He's got a 2TB HD listed. The 300GB is a VelociRaptor drive (10,000 RPM) for faster read / write times.



Armymanis said:


> While looking at parts for reliability, I noticed that it is also good to have the 5 eggs be at 75%, or closer to 80% instead of down to 64%. That way you get the most bang for your buck. Thats what someone in my tech class told me today while I was purchasing my new radieon 5850 video card.
> 
> Just a thought. Don't want you spending $3600.00 and having a system that brakes down frequently.


Newegg ratings != end all be all. Read the reviews (not just 3 of them) and see some of the moronic reasons people take eggs off ratings. Some are legit, many are laughable. They can be useful for checking things out, but I would never suggest basing your decision of an item solely on Newegg ratings. Do more research than that. At least read the ratings to see why the eggs are being taken off.


----------



## emosun (Oct 4, 2006)

UZI4U said:


> in the end i am sure many will envy my build.


The envy will honestly last about a month or two before it turns from a 3600$ build to a 1000$ build IMHO.

Since most of the performance aspects has been covered I suggest actual gold paint for the case. Will definitely fill out the budget a little more and really express the idea behind the machine.


----------



## Armymanis (Feb 19, 2010)

hhnq04 said:


> He's got a 2TB HD listed. The 300GB is a VelociRaptor drive (10,000 RPM) for faster read / write times.
> 
> 
> 
> Newegg ratings != end all be all. Read the reviews (not just 3 of them) and see some of the moronic reasons people take eggs off ratings. Some are legit, many are laughable. They can be useful for checking things out, but I would never suggest basing your decision of an item solely on Newegg ratings. Do more research than that. At least read the ratings to see why the eggs are being taken off.

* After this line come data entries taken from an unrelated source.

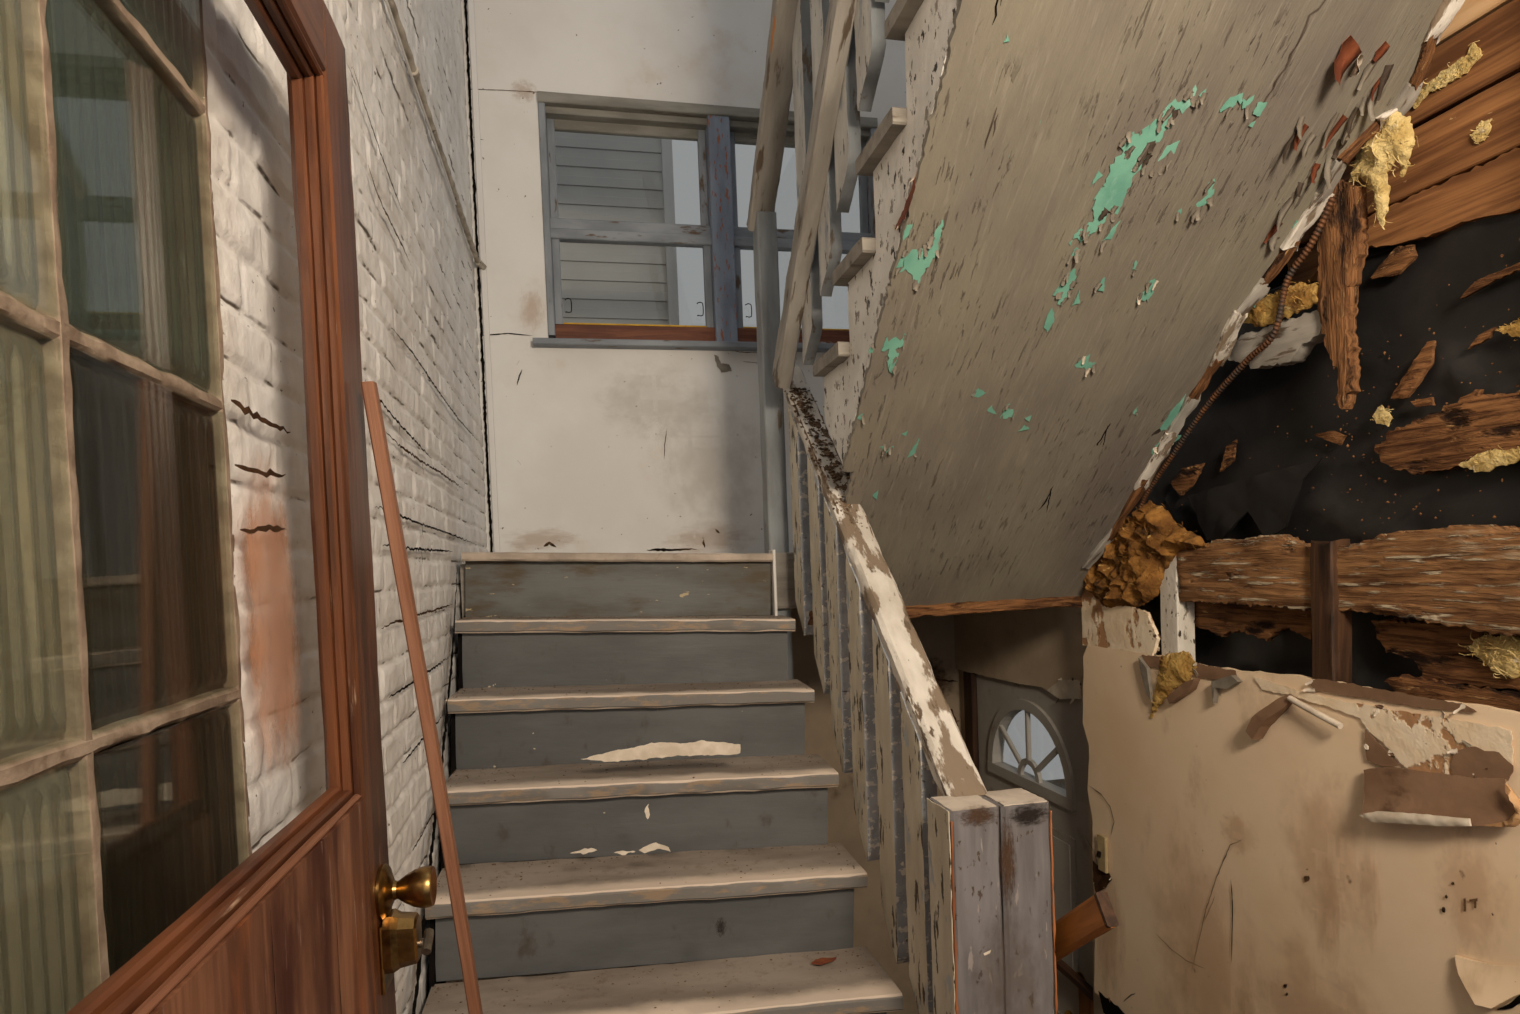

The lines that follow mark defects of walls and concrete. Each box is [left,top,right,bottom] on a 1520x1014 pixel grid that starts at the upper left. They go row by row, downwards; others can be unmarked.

peeling [1264,35,1394,251]
peeling [1044,84,1267,332]
peeling [893,176,944,291]
peeling [869,334,907,378]
crack [231,399,290,434]
crack [235,464,286,478]
crack [240,524,285,534]
leakage [249,497,294,754]
peeling [583,740,741,762]
flaking render [1093,861,1112,892]
flaking render [1099,992,1124,1014]
flaking render [1455,955,1520,1008]

Oh sorry, didn't know he got a 2TB hard drive already....


----------



## Tyree (May 10, 2009)

UZI4U said:


> i do have some time on this. this purchase wont actually happen oh for about a month or so. but it is gaurenteed , it will happen this is not a ghost story. that why i am going thru great lengths to do background research from many tech forums about building your own pc. i have gathered many opinions thus far. picking the brains of many pc guru's as your selfs. in the end i am sure many will envy my build. No rubbing in intended just extreamly happy that for once in my life i have a bad *** computer. sounds weird coming from a 41 year old....LOL


A "bad ***" PC can be assembled for much less than your proposed budget. Over $1500, for the tower and hardware, is getting into the "mine is bigger than yours" category. You will not build a better performer than the top tier units in our Suggested Build section. 
But, your money-your decision. Enjoy!


----------



## linderman (May 20, 2005)

it will be yesterday's plain jane in 6 months time


----------



## tosh9i (Aug 3, 2006)

The six core processor has been released i7 980x $999:
http://www.microcenter.com/storefro...um=leader_bnr&utm_campaign=hmpg_intel_i7_980x


----------



## linderman (May 20, 2005)

tosh9i said:


> The six core processor has been released i7 980x $999:
> http://www.microcenter.com/storefro...um=leader_bnr&utm_campaign=hmpg_intel_i7_980x





yup; another fine example of buying a Ferrari to drive the streets of NY City


----------



## UZI4U (Mar 6, 2010)

i wont be going for the 6 core. waste of money


----------



## tosh9i (Aug 3, 2006)

So then which one do you want, the i7


----------



## guitarzann (Jun 18, 2009)

In about a week the new nvidia gtx 480s will be out - they are released on march 28 I think. Also - the i7 980x should be released sometime this week or next.


----------



## tosh9i (Aug 3, 2006)

The i7 980x was released yesterday


----------